3. Worst Outcome Criterion (WOC): because ACC and ALC depends on data, it can have large/small coverages/lengths depend on which sample is being observed. This property is not desirable. A conservative approach is to fix a maximum length and a minimum coverage probability and the sample size is chosen based on these two constraints.

4. Modified Worst Outcome Criterion (MWOC)

In this research, the parameter of interest is the difference of two binomial proportions. Sample size is found by implementing ACC, ALC ,WOC and MWOC.  When the sample size is large relative to prior information, the estimation obtained from posterior distribution is found robust against prior specifications (either independent or dependent prior). To illustrate the idea, three examples are given:

1. Data on patients with deep vein thrombosis (DVT)

2. Rare events

3. Dependent priors

For ACC and ALC, the sample size obtained is based on the average of 10 repetitions of MC simulation. MC simulation is used when it is difficult to calculate the posterior. However, MC simulation is not needed for WOC and MWOC. In the first example of DVT, WOC method gave a slightly less sample size than the frequentist method. For the rare event, like the rates of myocardial infarction patients with acute angina pectoris, the difference in sample size between Bayesian and frequentist is more pronounced. The last example compared the sample size calculated for independent and dependent priors.

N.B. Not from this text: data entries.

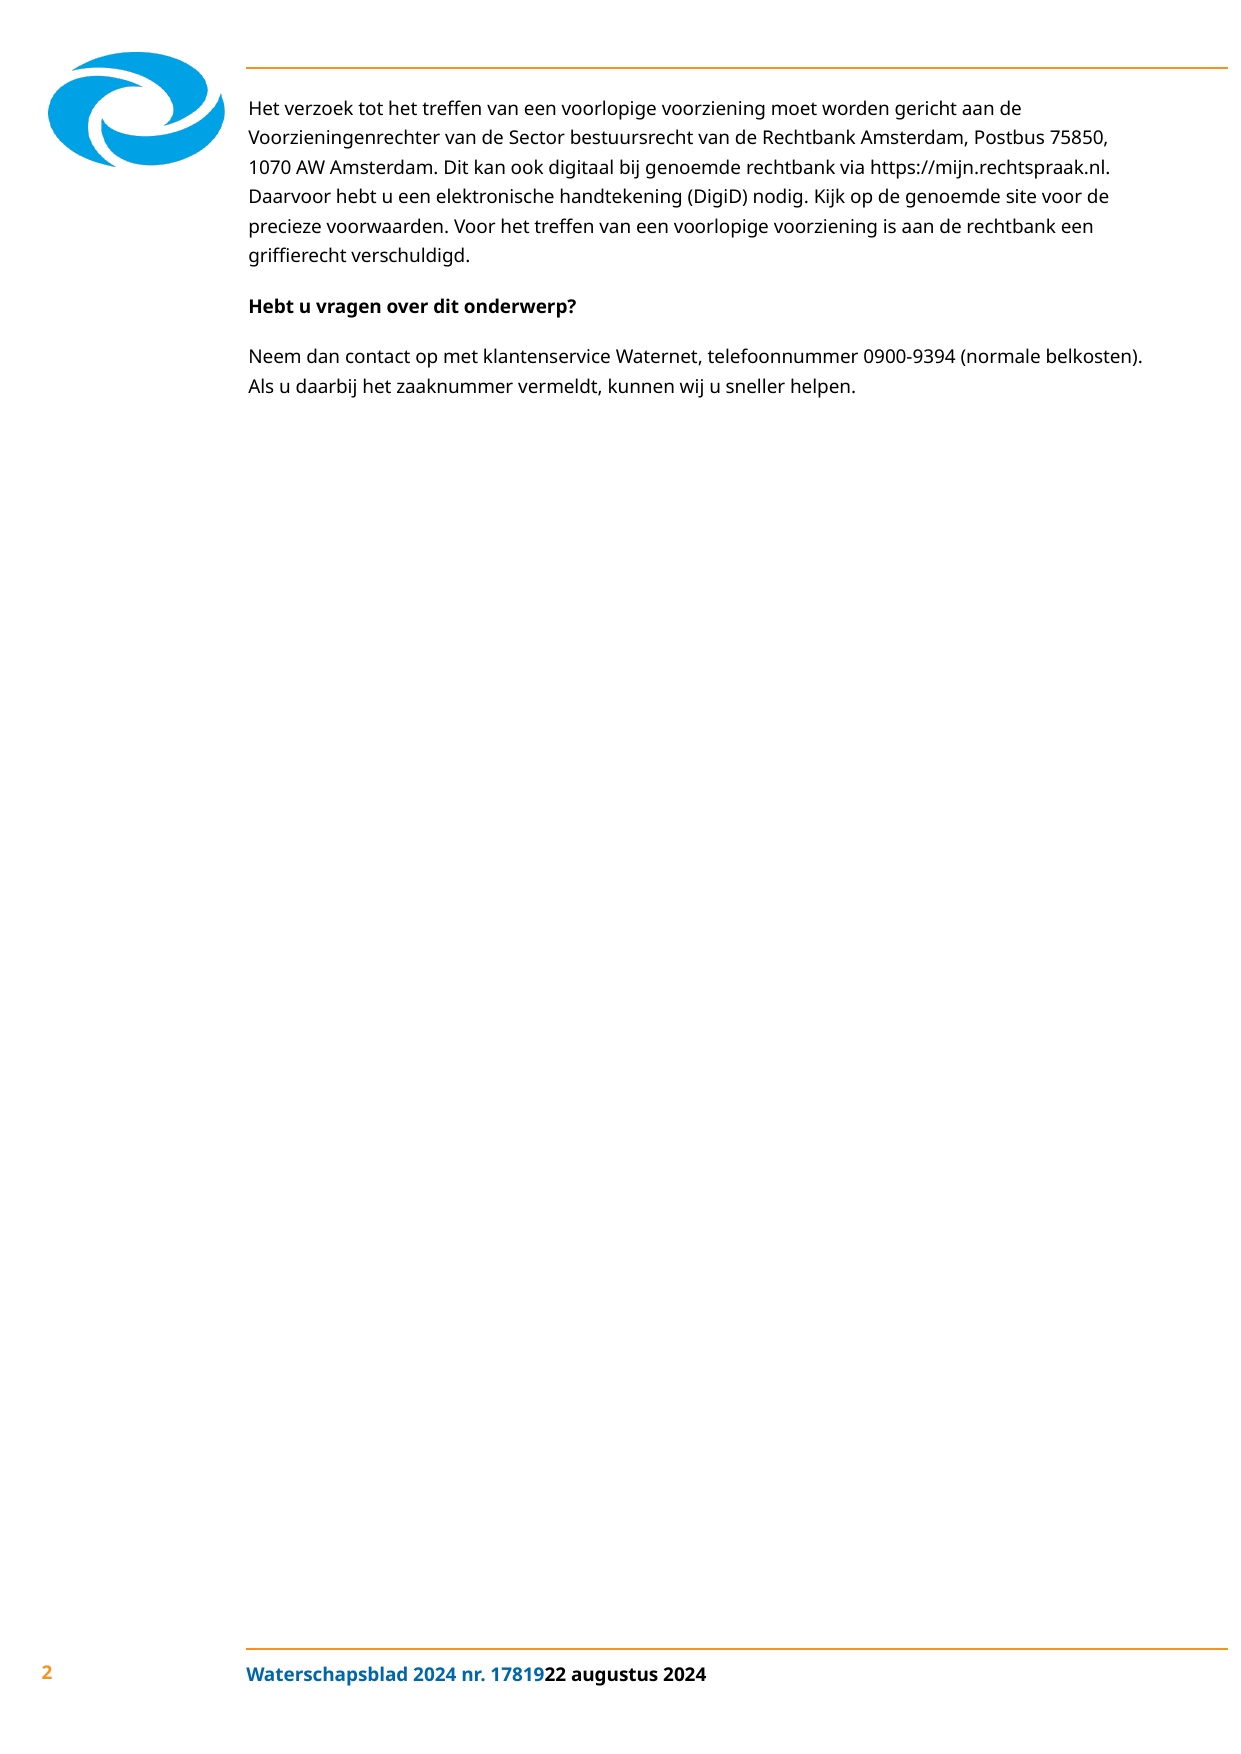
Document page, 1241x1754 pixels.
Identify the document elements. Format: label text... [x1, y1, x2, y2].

picture [41, 47, 231, 172]
text Hebt u vragen over dit onderwerp? [248, 293, 1152, 319]
text Neem dan contact op met klantenservice Waternet, telefoonnummer 0900-9394 (normale belkosten). Als u daarbij het zaaknummer vermeldt, kunnen wij u sneller helpen. [248, 343, 1152, 399]
text Het verzoek tot het treffen van een voorlopige voorziening moet worden gericht aan de Voorzieningenrechter van de Sector bestuursrecht van de Rechtbank Amsterdam, Postbus 75850, 1070 AW Amsterdam. Dit kan ook digitaal bij genoemde rechtbank via https://mijn.rechtspraak.nl. Daarvoor hebt u een elektronische handtekening (DigiD) nodig. Kijk op de genoemde site voor de precieze voorwaarden. Voor het treffen van een voorlopige voorziening is aan de rechtbank een griffierecht verschuldigd. [248, 95, 1152, 268]

Result showed that fully Bayesian or mixed Bayesian/likelihood give lower sample sizes than the frequentist due to the use of prior. A caution has to be exercised when employing mixed Bayesian/likelihood as it may lead to paradoxes. The methods discussed in determining the sample size (ACC, ALC, WOC, MWOC) may be applicable to multivariate analysis, relative risks or odds ratios. Choosing ALC or ACC is arbitrary though given certain situations they don’t lead to the same sample size.  However, ACC is said to be more conventional because reports are always based on coverage. Note that criteria based on average (ACC and ALC) attain target values approximately half of the time. Therefore, the authors suggest that to get a good sample size, it is best to consider all criteria.

“Bayesian paradigm has little to add and moderate amount to lose”. Fisher suggests that:-

1. Data is not being optimally processed by humans, given the situation is stable.

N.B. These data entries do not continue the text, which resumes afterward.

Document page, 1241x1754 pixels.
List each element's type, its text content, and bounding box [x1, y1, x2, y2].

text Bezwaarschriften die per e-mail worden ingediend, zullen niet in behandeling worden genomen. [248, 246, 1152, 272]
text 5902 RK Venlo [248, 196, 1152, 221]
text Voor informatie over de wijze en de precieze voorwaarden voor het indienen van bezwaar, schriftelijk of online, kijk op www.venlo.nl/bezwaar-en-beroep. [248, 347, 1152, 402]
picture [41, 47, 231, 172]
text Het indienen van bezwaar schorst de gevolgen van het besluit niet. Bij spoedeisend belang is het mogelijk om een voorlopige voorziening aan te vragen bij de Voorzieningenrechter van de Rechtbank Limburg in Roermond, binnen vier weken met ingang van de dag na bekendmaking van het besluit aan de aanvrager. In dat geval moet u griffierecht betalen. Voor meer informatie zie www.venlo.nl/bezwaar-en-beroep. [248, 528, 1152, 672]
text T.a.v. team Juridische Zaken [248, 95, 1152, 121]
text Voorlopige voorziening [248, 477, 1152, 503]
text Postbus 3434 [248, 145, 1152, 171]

2. Humans tend to weigh more heavily on recent experience.

3. Humans weigh more heavily evidence from direct experience.

Therefore, it is difficult for a person to judge a problem and state the prior rationally. More reasons are provided by Fisher to support his argument.

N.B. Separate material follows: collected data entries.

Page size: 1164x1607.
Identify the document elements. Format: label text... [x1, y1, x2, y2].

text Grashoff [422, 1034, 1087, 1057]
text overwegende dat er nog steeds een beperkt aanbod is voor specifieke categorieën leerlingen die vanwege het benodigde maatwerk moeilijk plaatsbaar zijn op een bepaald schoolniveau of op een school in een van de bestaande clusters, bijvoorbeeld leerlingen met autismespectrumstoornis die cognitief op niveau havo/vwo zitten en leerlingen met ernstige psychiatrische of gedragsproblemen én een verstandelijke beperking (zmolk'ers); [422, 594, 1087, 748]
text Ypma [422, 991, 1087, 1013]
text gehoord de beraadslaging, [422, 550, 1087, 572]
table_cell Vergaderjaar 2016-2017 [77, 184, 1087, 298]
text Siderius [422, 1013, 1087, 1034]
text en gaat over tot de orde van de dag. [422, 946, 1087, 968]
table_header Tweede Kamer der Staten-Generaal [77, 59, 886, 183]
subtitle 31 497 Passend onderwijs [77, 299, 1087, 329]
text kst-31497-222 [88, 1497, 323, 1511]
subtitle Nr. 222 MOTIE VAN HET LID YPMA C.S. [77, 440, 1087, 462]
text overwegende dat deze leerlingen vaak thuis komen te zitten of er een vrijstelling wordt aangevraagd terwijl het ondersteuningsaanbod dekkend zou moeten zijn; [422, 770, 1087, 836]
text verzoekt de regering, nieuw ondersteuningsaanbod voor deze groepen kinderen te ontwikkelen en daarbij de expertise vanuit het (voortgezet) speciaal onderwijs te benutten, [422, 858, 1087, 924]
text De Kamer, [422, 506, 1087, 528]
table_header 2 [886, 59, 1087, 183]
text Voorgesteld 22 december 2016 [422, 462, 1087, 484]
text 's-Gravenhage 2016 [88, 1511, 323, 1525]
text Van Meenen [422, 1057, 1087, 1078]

1. Humans do not behave in a Bayesian manner.

2. Individual prior distributions must of necessity be distorted because of a lack of an adequate initial distribution.

3. Whose prior to be used when there is a large range of prior distributions?

4. Lack of acceptance of result because of dispute over prior beliefs.

5. Misdirection of scientific effort from the debating of particular science issues to work on eliciting prior distribution.

6. Ethical difficulties because of differing types of belief.

In 1993, the data from GUSTO trial is reanalyzed using stylized Bayesian (Diamond et al., 1993). GUSTO stands for global utilization of streptokinase and tissue plasminogan activator for occulded coronary arteries. In this analysis, individual priors are not elicited. Instead, priors are specified based on Jeffreys (1939). A true Bayesian would object this approach. This example given by Fisher is to demonstrate the effect of prior on the interpretation.

In the end, Fisher concludes that Bayesian approach should not be used in randomized clinical trials. He believes that frequentist method or stylized Bayesian is more suitable to ensure the analysis is robust against particular beliefs.

Goldstein discussed the following criteria in determining the sample size:-

1) Stop if further sampling does not give much difference (in terms of the estimate)

2) A stringent criteria would be to require a high probability that future observation satisfy criteria (1)

The author suggested that once the smallest n is obtained by fulfilling the inequality constraint posed, then an upper bound of that quantity can be derived. In order to do this, we need the variance of a prior measure for parameter of interest and prior expected variance of the data.